There are times when I can barely look at old photos. The faces of now-dead folk shining from happy pasts. Innocent and forward-looking, full of the not-knowing-ness of living in that moment.
I hate that I know how it ended. That in some I see their last breath – that painfully familiar stranger’s face that sleeps in the cold bare undertaker’s room. And feel the old grief – that fell like ash and blotted out the sun.
It strikes me when I look at my own face in a photograph. That awareness: there she is smiling – ahhhh she just doesn’t know how it ends.
It is all so temporary.
You would think that would be sufficient reminder: of the ‘be mindful, live in and for today, for tomorrow you may die’ type stuff we all surely need to be reminded of.

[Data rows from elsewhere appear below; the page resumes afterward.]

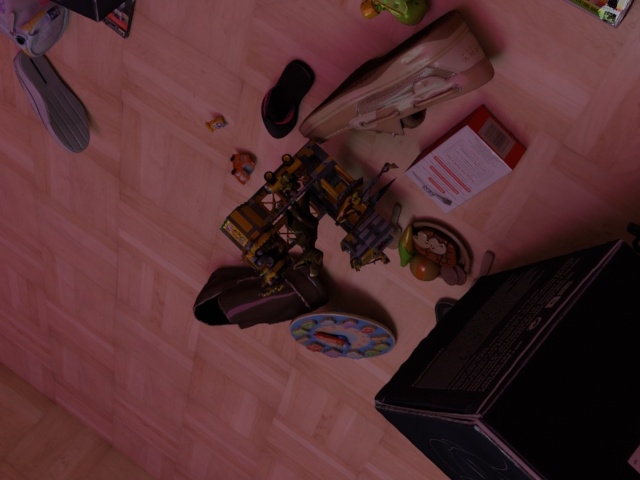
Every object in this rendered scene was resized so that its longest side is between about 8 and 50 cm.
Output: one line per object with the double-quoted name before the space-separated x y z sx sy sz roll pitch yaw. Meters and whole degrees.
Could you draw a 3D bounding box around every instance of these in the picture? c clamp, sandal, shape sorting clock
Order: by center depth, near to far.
"sandal" -0.062 -0.220 1.562 0.067 0.040 0.179 38 147 3
"c clamp" 0.262 0.169 1.715 0.137 0.022 0.161 20 143 37
"shape sorting clock" 0.041 0.185 1.870 0.206 0.040 0.206 10 155 4

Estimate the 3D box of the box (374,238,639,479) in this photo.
"box" 0.379 0.284 1.319 0.480 0.297 0.472 43 166 -3

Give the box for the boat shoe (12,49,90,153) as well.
"boat shoe" -0.534 -0.278 1.946 0.075 0.083 0.226 4 122 58

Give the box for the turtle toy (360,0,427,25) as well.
"turtle toy" 0.092 -0.330 1.257 0.095 0.066 0.130 -22 117 28

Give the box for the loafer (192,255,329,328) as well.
"loafer" -0.126 0.127 1.946 0.365 0.130 0.134 -13 120 51

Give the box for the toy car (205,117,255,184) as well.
"toy car" -0.155 -0.158 1.717 0.040 0.060 0.122 -25 122 20

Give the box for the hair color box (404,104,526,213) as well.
"hair color box" 0.206 -0.114 1.409 0.093 0.053 0.167 44 145 -7

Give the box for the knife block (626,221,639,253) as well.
"knife block" 0.458 0.065 1.207 0.242 0.276 0.088 -20 119 20

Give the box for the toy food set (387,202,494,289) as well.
"toy food set" 0.186 0.026 1.602 0.192 0.038 0.132 28 145 18

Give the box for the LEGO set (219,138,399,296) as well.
"LEGO set" 0.000 0.000 1.513 0.192 0.255 0.331 44 167 11

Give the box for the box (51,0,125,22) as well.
"box" -0.378 -0.450 1.509 0.207 0.153 0.108 28 145 19

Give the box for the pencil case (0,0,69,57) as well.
"pencil case" -0.583 -0.443 1.748 0.273 0.124 0.113 37 147 7

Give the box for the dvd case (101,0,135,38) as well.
"dvd case" -0.354 -0.407 1.661 0.087 0.013 0.119 37 148 5

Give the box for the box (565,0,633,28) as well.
"box" 0.271 -0.337 1.100 0.207 0.036 0.114 33 146 12

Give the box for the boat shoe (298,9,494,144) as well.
"boat shoe" 0.094 -0.194 1.365 0.110 0.122 0.341 50 144 -12
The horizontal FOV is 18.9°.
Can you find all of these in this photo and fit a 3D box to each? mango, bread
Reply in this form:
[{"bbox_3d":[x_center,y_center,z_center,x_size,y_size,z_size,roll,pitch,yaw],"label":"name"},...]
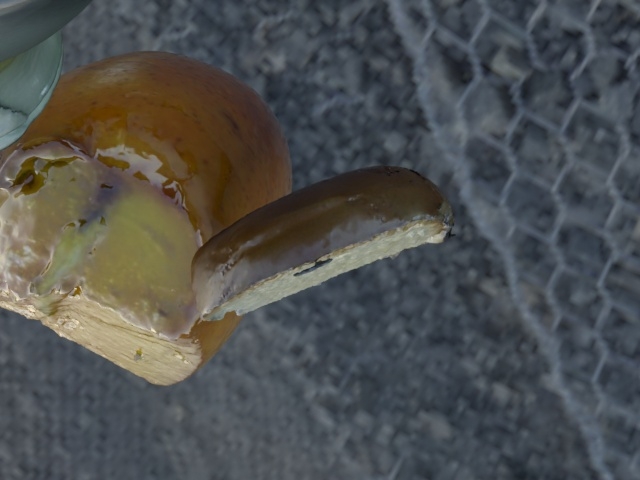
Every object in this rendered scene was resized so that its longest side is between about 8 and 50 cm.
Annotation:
[{"bbox_3d":[-0.107,-0.013,1.209,0.199,0.350,0.201,-20,92,6],"label":"mango"},{"bbox_3d":[0.000,0.000,0.927,0.129,0.126,0.044,-25,81,5],"label":"bread"}]

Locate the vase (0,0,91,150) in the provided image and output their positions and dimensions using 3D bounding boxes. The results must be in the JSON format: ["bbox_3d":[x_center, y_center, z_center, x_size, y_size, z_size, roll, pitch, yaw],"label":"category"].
[{"bbox_3d":[-0.164,-0.134,0.833,0.173,0.173,0.321,37,165,-2],"label":"vase"}]

Instead I fret over tomorrow and tomorrow and tomorrow. Crippled by this dread fear.
I’ve made up my mind – so don’t understand why I am still anxious. You’d think – I. Actually. Thought. – that once the decision was made the anxiety would go. But no.

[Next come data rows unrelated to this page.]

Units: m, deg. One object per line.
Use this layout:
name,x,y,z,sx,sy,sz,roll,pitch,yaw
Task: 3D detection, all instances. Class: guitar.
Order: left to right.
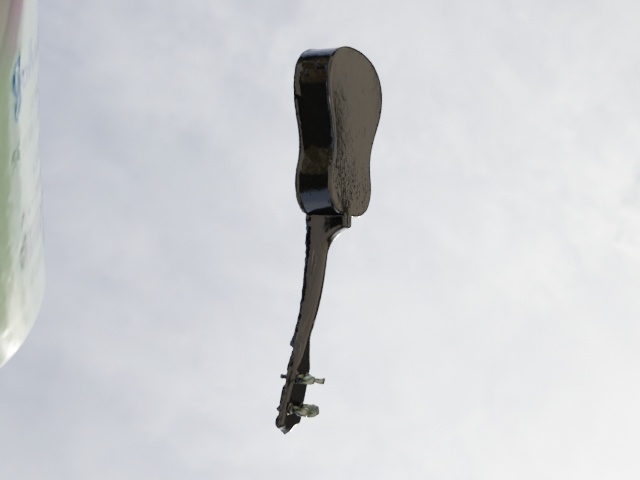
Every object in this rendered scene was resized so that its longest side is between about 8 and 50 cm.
guitar,0.002,0.001,0.763,0.084,0.038,0.271,14,-99,-58

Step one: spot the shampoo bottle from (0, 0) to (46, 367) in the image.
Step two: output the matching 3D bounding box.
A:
shampoo bottle,-0.214,-0.102,0.539,0.151,0.350,0.222,3,-144,-7
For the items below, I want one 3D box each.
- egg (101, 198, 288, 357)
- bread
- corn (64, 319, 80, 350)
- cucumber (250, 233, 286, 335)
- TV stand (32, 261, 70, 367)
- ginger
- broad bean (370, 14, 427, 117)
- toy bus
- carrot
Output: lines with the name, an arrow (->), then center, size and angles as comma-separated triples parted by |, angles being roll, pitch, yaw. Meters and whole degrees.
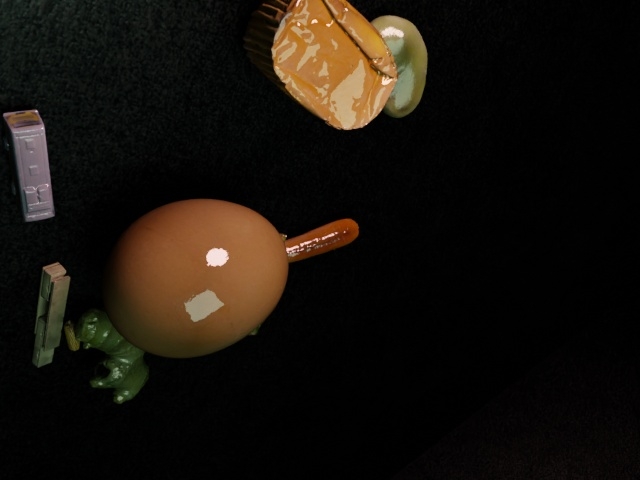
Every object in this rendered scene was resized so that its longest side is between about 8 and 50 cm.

You’d think that once I’d decided to leave – and oh my god I really have to leave if I’m to be left with peace of mind or self-respect – I’d feel nothing but relief.
But no. I listened to the pitch for me to stay – and succumbed to this weight of obligation and doubt.
Maybe I should just water the grass I’m standing on.
Maybe it’s a test and by leaving, I fail.
Maybe it’s not them. Maybe it’s all me. Maybe this ‘objective assessment’ I’m convinced I’ve made is just so much cowardice and running-away.
Nah, the truth is I hate it. I am a fish out of water. Surrounded by chaos and a whole lot of intensity that I don’t feel comfortable with.
And that is something I never thought I’d be privy to me thinking because I have always been the most uncomfortably intense person I know. (At least I now know just how uncomfortable I must’ve been making other folk feel.)
I’m not much of a Rally-er and campaigner and March-joiner-in-er. Maybe before. But I am just too fucking cynical and tired with all that stuff to want to be doing it now. (and yes, I know it needs to be done – in a rally-the-troops type of way, mostly).
I can’t stand the way that it’s a game to ‘them’ (the folk I’d thought would know better). These people I’d always looked up to – the ones I depended upon actually knowing what they were doing and having strategies for protecting the workers and all that shit. And then I find out they’re human and fallible and all just as bad as me when it’s said and done. And all gaming and machinating themselves as much as anyone else.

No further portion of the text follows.